The financial information included herein is unaudited, except for the balance sheet as of December 31, 2012, which has been derived from the Company's audited financial statements for the year ended December 31, 2012. However, such information includes all adjustments (consisting of normal recurring adjustments and change in accounting principles) that are, in the opinion of management, necessary for a fair presentation of financial position, results of operations and cash flows for the interim periods. The results of operations for interim periods are not necessarily indicative of the results to be expected for an entire year.

Certain information, accounting policies, and footnote disclosures normally included in the financial statements prepared in accordance with accounting principles generally accepted in the United States of America ("GAAP") have been omitted in this Form 10-Q pursuant to certain rules and regulations of the Securities and Exchange Commission ("SEC"). The financial statements should be read in conjunction with the audited financial statements for the year ended December 31, 2012, which were included in the Company's Annual Report on Form 10-K for the fiscal year ended December 31, 2012.

Use of Estimates

The preparation of financial statements under GAAP requires management to make estimates and assumptions that affect the reported amounts of assets and liabilities and disclosure of contingent assets and liabilities at the date of the financial statements and the reported amounts of revenues and expenses during the reporting period. The most significant estimates relate to proved crude oil and natural gas reserve volumes, future development costs, estimates relating to certain crude oil and natural gas revenues and expenses, fair value of derivative instruments, and deferred income taxes. Actual results may differ from those estimates.

Cash and Cash Equivalents

Northern considers highly liquid investments with insignificant interest rate risk and original maturities to the Company of three months or less to be cash equivalents. Cash equivalents consist primarily of interest-bearing bank accounts and money market funds. The Company's cash positions represent assets held in checking and money market accounts. These assets are generally available on a daily or weekly basis and are highly liquid in nature. Due to the balances being greater than $250,000, the Company does not have FDIC coverage on the entire amount of bank deposits. The Company believes this risk is minimal. In addition, the Company is subject to Security Investor Protection Corporation ("SIPC") protection on a vast majority of its financial assets.

Accounts Receivable

Accounts receivable are carried on a gross basis, with no discounting. The Company regularly reviews all aged accounts receivable for collectability and establishes an allowance as necessary for individual customer balances.
The allowance for doubtful accounts at September 30, 2013 and December 31, 2012 was $925,000 and $0, respectively.

Advances to Operators

The Company participates in the drilling of crude oil and natural gas wells with other working interest partners. Due to the capital intensive nature of crude oil and natural gas drilling activities, the working interest partner responsible for conducting the drilling operations may request advance payments from other working interest partners for their share of the costs. The Company expects such advances to be applied by working interest partners against joint interest billings for its share of drilling operations within 90 days from when the advance is paid.

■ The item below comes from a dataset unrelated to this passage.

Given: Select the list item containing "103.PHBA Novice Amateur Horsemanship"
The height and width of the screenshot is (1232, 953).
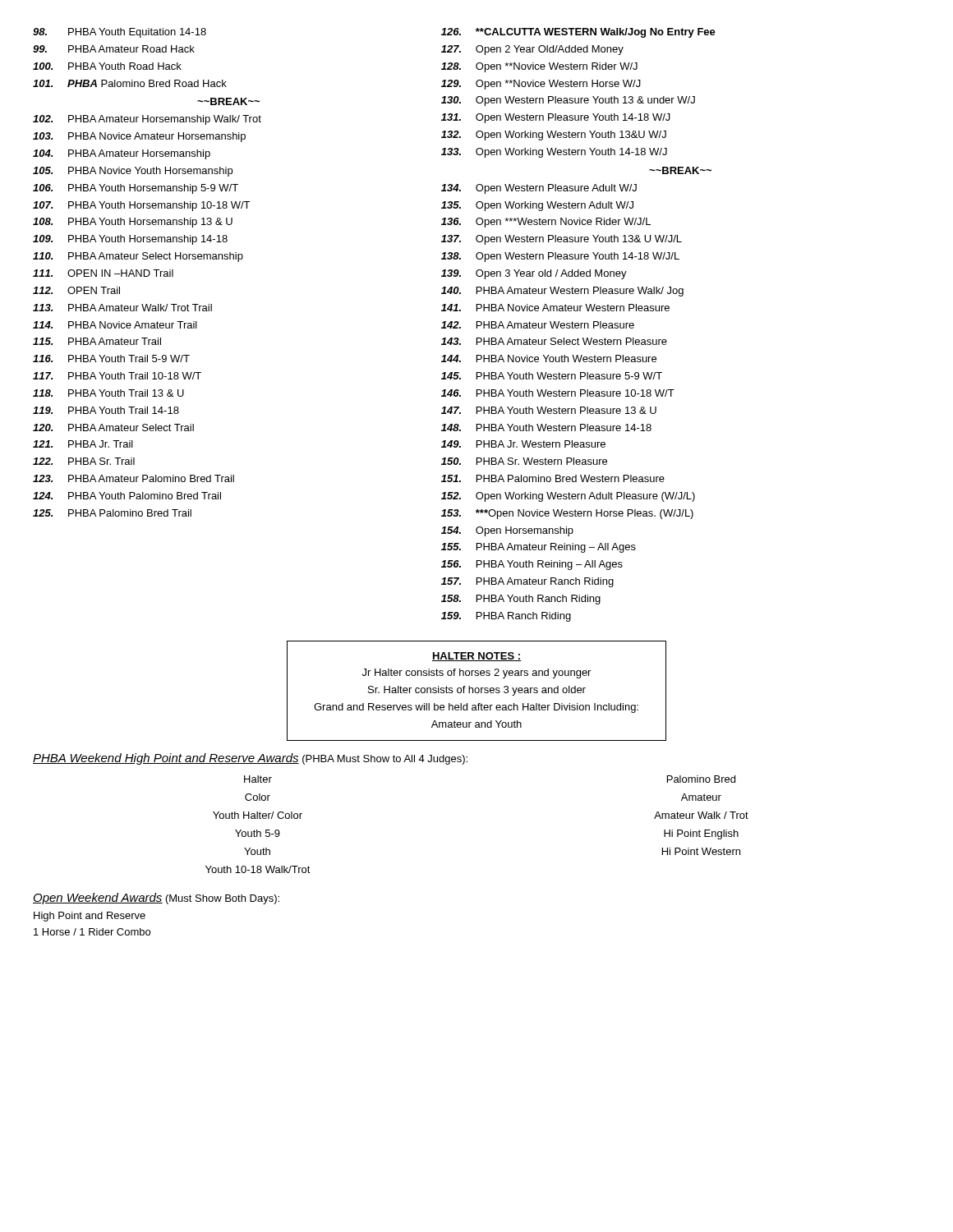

Other Property and Equipment

Property and equipment that are not crude oil and natural gas properties are recorded at cost and depreciated using the straight-line method over their estimated useful lives of three to seven years. Expenditures for replacements, renewals, and betterments are capitalized. Maintenance and repairs are charged to operations as incurred. Long-lived assets, other than crude oil and natural gas properties, are evaluated for impairment to determine if current circumstances and market conditions indicate the carrying amount may not be recoverable. The Company has not recognized any impairment losses on non-crude oil and natural gas long-lived assets. Depreciation expense was $61,485 and $104,830 for the three months ended September 30, 2013 and 2012, respectively. Depreciation expense was $248,626 and $304,226 for the nine months ended September 30, 2013 and 2012, respectively.

Full Cost Method

Northern follows the full cost method of accounting for crude oil and natural gas operations whereby all costs related to the exploration and development of crude oil and natural gas properties are capitalized into a single cost center ("full cost pool"). Such costs include land acquisition costs, geological and geophysical expenses, carrying charges on non-producing properties, costs of drilling directly related to acquisition, and exploration activities. Internal costs that are capitalized are directly attributable to acquisition, exploration and development activities and do not include costs related to the production, general corporate overhead or similar activities. Costs associated with production and general corporate activities are expensed in the period incurred. Capitalized costs are summarized as follows for the three and nine months ended September 30, 2013 and 2012, respectively.

 
Three Months Ended
September 30,
 
Nine Months Ended
September 30,
 
 
2013
 
2012
 
2013
 
2012
 
Capitalized Certain Payroll and Other Internal Costs
 
$
894,573
   
$
79,471
   
$
2,257,022
   
$
7,366,101
 
Capitalized Interest Costs
   
1,597,129
     
1,811,088
     
4,525,906
     
4,426,429
 
Total
 
$
2,491,702
   
$
1,890,559
   
$
6,782,928
   
$
11,792,530
 

As of September 30, 2013, the Company held leasehold interests in the Williston Basin on acreage located in North Dakota and Montana targeting the Bakken and Three Forks formations.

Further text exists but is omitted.